INPUT:
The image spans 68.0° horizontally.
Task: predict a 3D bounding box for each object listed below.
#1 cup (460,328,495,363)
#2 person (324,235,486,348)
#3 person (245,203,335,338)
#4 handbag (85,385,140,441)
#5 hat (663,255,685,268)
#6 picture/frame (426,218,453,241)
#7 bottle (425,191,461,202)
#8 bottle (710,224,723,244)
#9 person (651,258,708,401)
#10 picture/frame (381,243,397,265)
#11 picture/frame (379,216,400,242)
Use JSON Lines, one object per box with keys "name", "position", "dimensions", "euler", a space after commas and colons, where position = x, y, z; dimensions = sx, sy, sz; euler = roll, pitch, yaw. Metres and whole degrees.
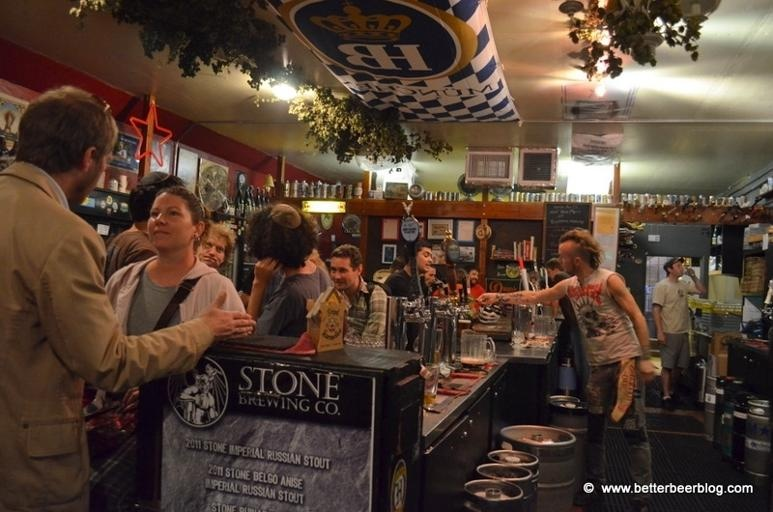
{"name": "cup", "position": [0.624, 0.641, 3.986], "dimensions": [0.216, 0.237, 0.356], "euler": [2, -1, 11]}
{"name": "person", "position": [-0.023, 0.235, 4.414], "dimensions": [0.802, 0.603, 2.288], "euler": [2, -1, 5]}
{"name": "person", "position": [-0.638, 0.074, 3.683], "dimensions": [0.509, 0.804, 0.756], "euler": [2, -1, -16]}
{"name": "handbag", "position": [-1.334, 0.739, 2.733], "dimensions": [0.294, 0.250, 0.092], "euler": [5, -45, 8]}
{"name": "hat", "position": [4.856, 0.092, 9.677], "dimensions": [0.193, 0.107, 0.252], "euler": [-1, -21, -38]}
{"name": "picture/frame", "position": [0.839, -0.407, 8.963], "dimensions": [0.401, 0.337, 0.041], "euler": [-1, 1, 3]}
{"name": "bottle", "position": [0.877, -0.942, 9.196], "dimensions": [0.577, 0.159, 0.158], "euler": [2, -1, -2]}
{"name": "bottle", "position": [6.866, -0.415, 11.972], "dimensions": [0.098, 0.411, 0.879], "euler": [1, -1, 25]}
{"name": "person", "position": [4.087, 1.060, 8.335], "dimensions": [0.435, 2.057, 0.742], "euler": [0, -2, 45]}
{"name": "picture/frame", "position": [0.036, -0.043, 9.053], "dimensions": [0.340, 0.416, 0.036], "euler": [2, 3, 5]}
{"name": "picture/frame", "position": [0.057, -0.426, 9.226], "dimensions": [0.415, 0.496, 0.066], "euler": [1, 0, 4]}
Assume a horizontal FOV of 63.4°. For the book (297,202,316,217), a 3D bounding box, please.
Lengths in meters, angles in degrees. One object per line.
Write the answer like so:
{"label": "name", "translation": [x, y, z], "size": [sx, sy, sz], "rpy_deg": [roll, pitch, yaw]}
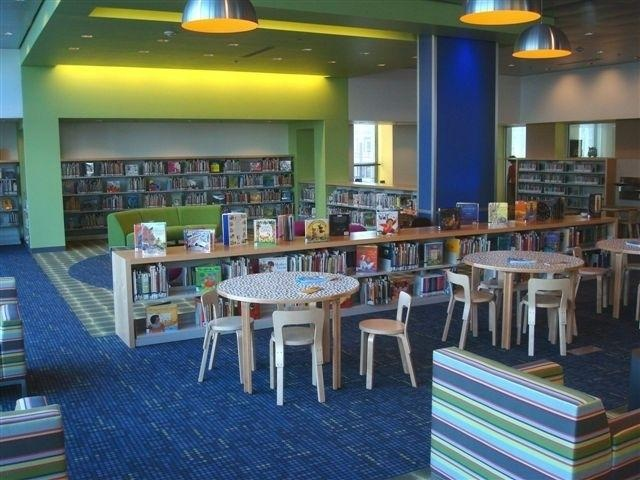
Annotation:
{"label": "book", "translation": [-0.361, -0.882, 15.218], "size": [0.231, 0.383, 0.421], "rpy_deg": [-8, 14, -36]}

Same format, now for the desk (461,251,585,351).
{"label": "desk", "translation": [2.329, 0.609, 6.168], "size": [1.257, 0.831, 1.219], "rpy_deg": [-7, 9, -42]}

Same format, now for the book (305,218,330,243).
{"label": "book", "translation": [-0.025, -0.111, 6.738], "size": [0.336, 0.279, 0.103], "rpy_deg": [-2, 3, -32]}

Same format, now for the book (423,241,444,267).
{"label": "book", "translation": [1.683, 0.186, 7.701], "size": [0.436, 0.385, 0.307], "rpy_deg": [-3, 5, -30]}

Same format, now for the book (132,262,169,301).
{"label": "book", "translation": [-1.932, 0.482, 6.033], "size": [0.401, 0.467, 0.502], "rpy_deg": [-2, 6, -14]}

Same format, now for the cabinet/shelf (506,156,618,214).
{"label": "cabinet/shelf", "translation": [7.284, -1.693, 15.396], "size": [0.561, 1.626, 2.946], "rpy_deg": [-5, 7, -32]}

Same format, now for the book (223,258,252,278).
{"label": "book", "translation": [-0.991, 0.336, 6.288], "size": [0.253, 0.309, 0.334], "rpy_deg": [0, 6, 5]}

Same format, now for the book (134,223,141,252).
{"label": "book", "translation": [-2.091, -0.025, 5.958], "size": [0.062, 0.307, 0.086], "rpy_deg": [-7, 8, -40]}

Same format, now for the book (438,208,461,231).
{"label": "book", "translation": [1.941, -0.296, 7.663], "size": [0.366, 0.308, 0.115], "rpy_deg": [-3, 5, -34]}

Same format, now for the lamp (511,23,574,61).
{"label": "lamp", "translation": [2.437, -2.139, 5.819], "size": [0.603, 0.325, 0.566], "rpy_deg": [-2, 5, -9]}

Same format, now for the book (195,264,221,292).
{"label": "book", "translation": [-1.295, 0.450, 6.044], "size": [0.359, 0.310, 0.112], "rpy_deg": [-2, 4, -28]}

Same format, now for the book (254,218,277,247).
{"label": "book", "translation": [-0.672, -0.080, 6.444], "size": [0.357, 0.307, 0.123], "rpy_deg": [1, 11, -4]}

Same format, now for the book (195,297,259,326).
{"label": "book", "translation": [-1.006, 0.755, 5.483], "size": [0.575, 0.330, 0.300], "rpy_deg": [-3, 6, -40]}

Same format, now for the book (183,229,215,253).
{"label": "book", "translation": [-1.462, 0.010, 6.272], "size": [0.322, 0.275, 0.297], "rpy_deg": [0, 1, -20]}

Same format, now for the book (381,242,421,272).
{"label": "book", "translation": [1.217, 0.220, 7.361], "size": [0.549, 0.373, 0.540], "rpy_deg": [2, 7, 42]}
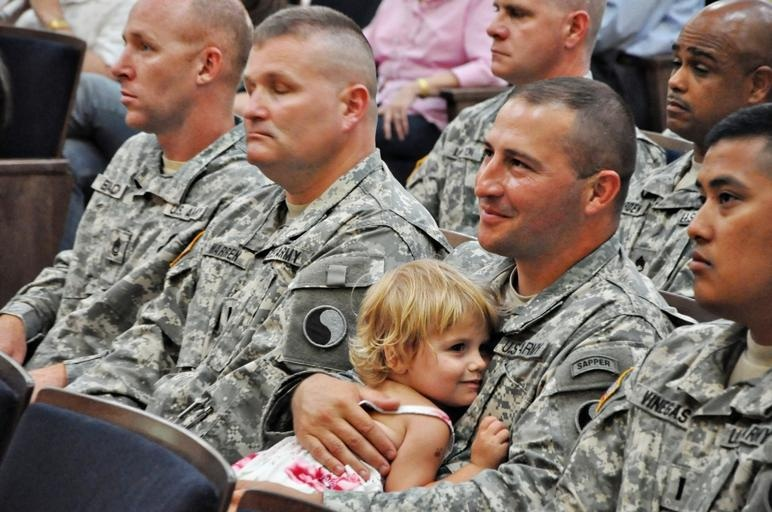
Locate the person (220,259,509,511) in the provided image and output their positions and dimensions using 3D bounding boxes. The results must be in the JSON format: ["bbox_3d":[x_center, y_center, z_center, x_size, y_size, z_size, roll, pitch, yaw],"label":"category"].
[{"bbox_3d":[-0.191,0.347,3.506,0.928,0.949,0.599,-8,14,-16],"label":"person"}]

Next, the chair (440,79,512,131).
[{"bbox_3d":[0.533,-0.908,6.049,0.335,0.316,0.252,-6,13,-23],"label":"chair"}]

EXERCISE: Make a verbatim copy of all the entries and strip out the pictures.

OUTPUT BELOW:
The image spans 68.0° horizontally.
Task: predict a 3D bounding box for each object listed below.
#1 cup (460,328,495,363)
#2 person (324,235,486,348)
#3 person (245,203,335,338)
#4 handbag (85,385,140,441)
#5 hat (663,255,685,268)
#6 picture/frame (426,218,453,241)
#7 bottle (425,191,461,202)
#8 bottle (710,224,723,244)
#9 person (651,258,708,401)
#10 picture/frame (381,243,397,265)
#11 picture/frame (379,216,400,242)
Use JSON Lines, one object per box with keys "name", "position", "dimensions", "euler", a space after commas and colons, where position = x, y, z; dimensions = sx, sy, sz; euler = roll, pitch, yaw. Metres and whole degrees.
{"name": "cup", "position": [0.624, 0.641, 3.986], "dimensions": [0.216, 0.237, 0.356], "euler": [2, -1, 11]}
{"name": "person", "position": [-0.023, 0.235, 4.414], "dimensions": [0.802, 0.603, 2.288], "euler": [2, -1, 5]}
{"name": "person", "position": [-0.638, 0.074, 3.683], "dimensions": [0.509, 0.804, 0.756], "euler": [2, -1, -16]}
{"name": "handbag", "position": [-1.334, 0.739, 2.733], "dimensions": [0.294, 0.250, 0.092], "euler": [5, -45, 8]}
{"name": "hat", "position": [4.856, 0.092, 9.677], "dimensions": [0.193, 0.107, 0.252], "euler": [-1, -21, -38]}
{"name": "picture/frame", "position": [0.839, -0.407, 8.963], "dimensions": [0.401, 0.337, 0.041], "euler": [-1, 1, 3]}
{"name": "bottle", "position": [0.877, -0.942, 9.196], "dimensions": [0.577, 0.159, 0.158], "euler": [2, -1, -2]}
{"name": "bottle", "position": [6.866, -0.415, 11.972], "dimensions": [0.098, 0.411, 0.879], "euler": [1, -1, 25]}
{"name": "person", "position": [4.087, 1.060, 8.335], "dimensions": [0.435, 2.057, 0.742], "euler": [0, -2, 45]}
{"name": "picture/frame", "position": [0.036, -0.043, 9.053], "dimensions": [0.340, 0.416, 0.036], "euler": [2, 3, 5]}
{"name": "picture/frame", "position": [0.057, -0.426, 9.226], "dimensions": [0.415, 0.496, 0.066], "euler": [1, 0, 4]}
Assume a horizontal FOV of 63.4°. For the book (297,202,316,217), a 3D bounding box, please.
Lengths in meters, angles in degrees. One object per line.
Write the answer like so:
{"label": "name", "translation": [x, y, z], "size": [sx, sy, sz], "rpy_deg": [roll, pitch, yaw]}
Annotation:
{"label": "book", "translation": [-0.361, -0.882, 15.218], "size": [0.231, 0.383, 0.421], "rpy_deg": [-8, 14, -36]}

Same format, now for the desk (461,251,585,351).
{"label": "desk", "translation": [2.329, 0.609, 6.168], "size": [1.257, 0.831, 1.219], "rpy_deg": [-7, 9, -42]}

Same format, now for the book (305,218,330,243).
{"label": "book", "translation": [-0.025, -0.111, 6.738], "size": [0.336, 0.279, 0.103], "rpy_deg": [-2, 3, -32]}

Same format, now for the book (423,241,444,267).
{"label": "book", "translation": [1.683, 0.186, 7.701], "size": [0.436, 0.385, 0.307], "rpy_deg": [-3, 5, -30]}

Same format, now for the book (132,262,169,301).
{"label": "book", "translation": [-1.932, 0.482, 6.033], "size": [0.401, 0.467, 0.502], "rpy_deg": [-2, 6, -14]}

Same format, now for the cabinet/shelf (506,156,618,214).
{"label": "cabinet/shelf", "translation": [7.284, -1.693, 15.396], "size": [0.561, 1.626, 2.946], "rpy_deg": [-5, 7, -32]}

Same format, now for the book (223,258,252,278).
{"label": "book", "translation": [-0.991, 0.336, 6.288], "size": [0.253, 0.309, 0.334], "rpy_deg": [0, 6, 5]}

Same format, now for the book (134,223,141,252).
{"label": "book", "translation": [-2.091, -0.025, 5.958], "size": [0.062, 0.307, 0.086], "rpy_deg": [-7, 8, -40]}

Same format, now for the book (438,208,461,231).
{"label": "book", "translation": [1.941, -0.296, 7.663], "size": [0.366, 0.308, 0.115], "rpy_deg": [-3, 5, -34]}

Same format, now for the lamp (511,23,574,61).
{"label": "lamp", "translation": [2.437, -2.139, 5.819], "size": [0.603, 0.325, 0.566], "rpy_deg": [-2, 5, -9]}

Same format, now for the book (195,264,221,292).
{"label": "book", "translation": [-1.295, 0.450, 6.044], "size": [0.359, 0.310, 0.112], "rpy_deg": [-2, 4, -28]}

Same format, now for the book (254,218,277,247).
{"label": "book", "translation": [-0.672, -0.080, 6.444], "size": [0.357, 0.307, 0.123], "rpy_deg": [1, 11, -4]}

Same format, now for the book (195,297,259,326).
{"label": "book", "translation": [-1.006, 0.755, 5.483], "size": [0.575, 0.330, 0.300], "rpy_deg": [-3, 6, -40]}

Same format, now for the book (183,229,215,253).
{"label": "book", "translation": [-1.462, 0.010, 6.272], "size": [0.322, 0.275, 0.297], "rpy_deg": [0, 1, -20]}

Same format, now for the book (381,242,421,272).
{"label": "book", "translation": [1.217, 0.220, 7.361], "size": [0.549, 0.373, 0.540], "rpy_deg": [2, 7, 42]}
Locate the person (220,259,509,511) in the provided image and output their positions and dimensions using 3D bounding boxes. The results must be in the JSON format: ["bbox_3d":[x_center, y_center, z_center, x_size, y_size, z_size, roll, pitch, yaw],"label":"category"].
[{"bbox_3d":[-0.191,0.347,3.506,0.928,0.949,0.599,-8,14,-16],"label":"person"}]

Next, the chair (440,79,512,131).
[{"bbox_3d":[0.533,-0.908,6.049,0.335,0.316,0.252,-6,13,-23],"label":"chair"}]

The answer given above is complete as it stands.